─── Data for the task ───
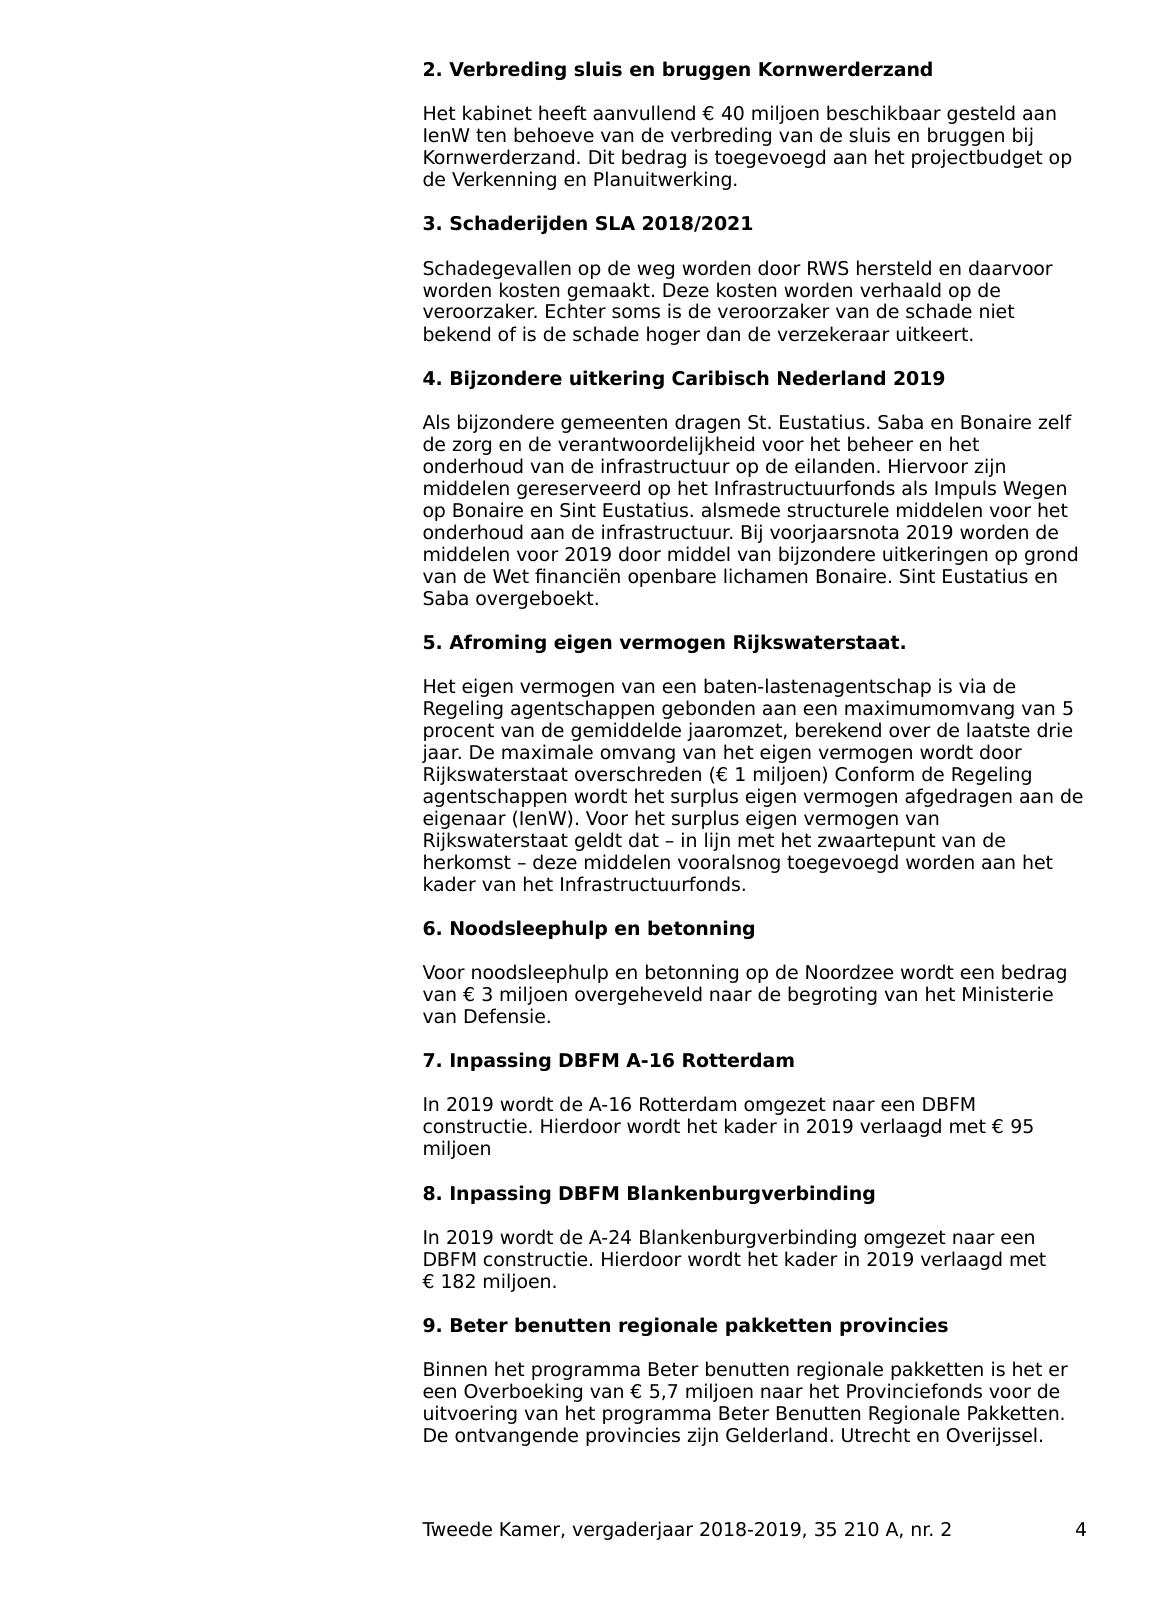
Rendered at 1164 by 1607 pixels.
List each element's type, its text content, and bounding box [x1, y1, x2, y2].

text Als bijzondere gemeenten dragen St. Eustatius. Saba en Bonaire zelf de zorg en de verantwoordelijkheid voor het beheer en het onderhoud van de infrastructuur op de eilanden. Hiervoor zijn middelen gereserveerd op het Infrastructuurfonds als Impuls Wegen op Bonaire en Sint Eustatius. alsmede structurele middelen voor het onderhoud aan de infrastructuur. Bij voorjaarsnota 2019 worden de middelen voor 2019 door middel van bijzondere uitkeringen op grond van de Wet financiën openbare lichamen Bonaire. Sint Eustatius en Saba overgeboekt. [422, 412, 1087, 609]
text Voor noodsleephulp en betonning op de Noordzee wordt een bedrag van € 3 miljoen overgeheveld naar de begroting van het Ministerie van Defensie. [422, 962, 1087, 1028]
subtitle 3. Schaderijden SLA 2018/2021 [422, 213, 1087, 235]
text In 2019 wordt de A-24 Blankenburgverbinding omgezet naar een DBFM constructie. Hierdoor wordt het kader in 2019 verlaagd met € 182 miljoen. [422, 1227, 1087, 1293]
text In 2019 wordt de A-16 Rotterdam omgezet naar een DBFM constructie. Hierdoor wordt het kader in 2019 verlaagd met € 95 miljoen [422, 1094, 1087, 1160]
subtitle 9. Beter benutten regionale pakketten provincies [422, 1315, 1087, 1337]
subtitle 6. Noodsleephulp en betonning [422, 918, 1087, 940]
subtitle 4. Bijzondere uitkering Caribisch Nederland 2019 [422, 368, 1087, 389]
text Het eigen vermogen van een baten-lastenagentschap is via de Regeling agentschappen gebonden aan een maximumomvang van 5 procent van de gemiddelde jaaromzet, berekend over de laatste drie jaar. De maximale omvang van het eigen vermogen wordt door Rijkswaterstaat overschreden (€ 1 miljoen) Conform de Regeling agentschappen wordt het surplus eigen vermogen afgedragen aan de eigenaar (IenW). Voor het surplus eigen vermogen van Rijkswaterstaat geldt dat – in lijn met het zwaartepunt van de herkomst – deze middelen vooralsnog toegevoegd worden aan het kader van het Infrastructuurfonds. [422, 676, 1087, 896]
text Schadegevallen op de weg worden door RWS hersteld en daarvoor worden kosten gemaakt. Deze kosten worden verhaald op de veroorzaker. Echter soms is de veroorzaker van de schade niet bekend of is de schade hoger dan de verzekeraar uitkeert. [422, 257, 1087, 345]
subtitle 2. Verbreding sluis en bruggen Kornwerderzand [422, 59, 1087, 81]
text Binnen het programma Beter benutten regionale pakketten is het er een Overboeking van € 5,7 miljoen naar het Provinciefonds voor de uitvoering van het programma Beter Benutten Regionale Pakketten. De ontvangende provincies zijn Gelderland. Utrecht en Overijssel. [422, 1359, 1087, 1447]
subtitle 8. Inpassing DBFM Blankenburgverbinding [422, 1182, 1087, 1204]
subtitle 5. Afroming eigen vermogen Rijkswaterstaat. [422, 632, 1087, 654]
subtitle 7. Inpassing DBFM A-16 Rotterdam [422, 1050, 1087, 1072]
text Het kabinet heeft aanvullend € 40 miljoen beschikbaar gesteld aan IenW ten behoeve van de verbreding van de sluis en bruggen bij Kornwerderzand. Dit bedrag is toegevoegd aan het projectbudget op de Verkenning en Planuitwerking. [422, 103, 1087, 191]
───
## Requirement
In the entries above, find the line that contains "text Voor noodsleephulp", then repeat exactly every line from the first one through that line, with no pictures.

## Reply to the exercise
Rendered at 1164 by 1607 pixels.
List each element's type, its text content, and bounding box [x1, y1, x2, y2].

text Als bijzondere gemeenten dragen St. Eustatius. Saba en Bonaire zelf de zorg en de verantwoordelijkheid voor het beheer en het onderhoud van de infrastructuur op de eilanden. Hiervoor zijn middelen gereserveerd op het Infrastructuurfonds als Impuls Wegen op Bonaire en Sint Eustatius. alsmede structurele middelen voor het onderhoud aan de infrastructuur. Bij voorjaarsnota 2019 worden de middelen voor 2019 door middel van bijzondere uitkeringen op grond van de Wet financiën openbare lichamen Bonaire. Sint Eustatius en Saba overgeboekt. [422, 412, 1087, 609]
text Voor noodsleephulp en betonning op de Noordzee wordt een bedrag van € 3 miljoen overgeheveld naar de begroting van het Ministerie van Defensie. [422, 962, 1087, 1028]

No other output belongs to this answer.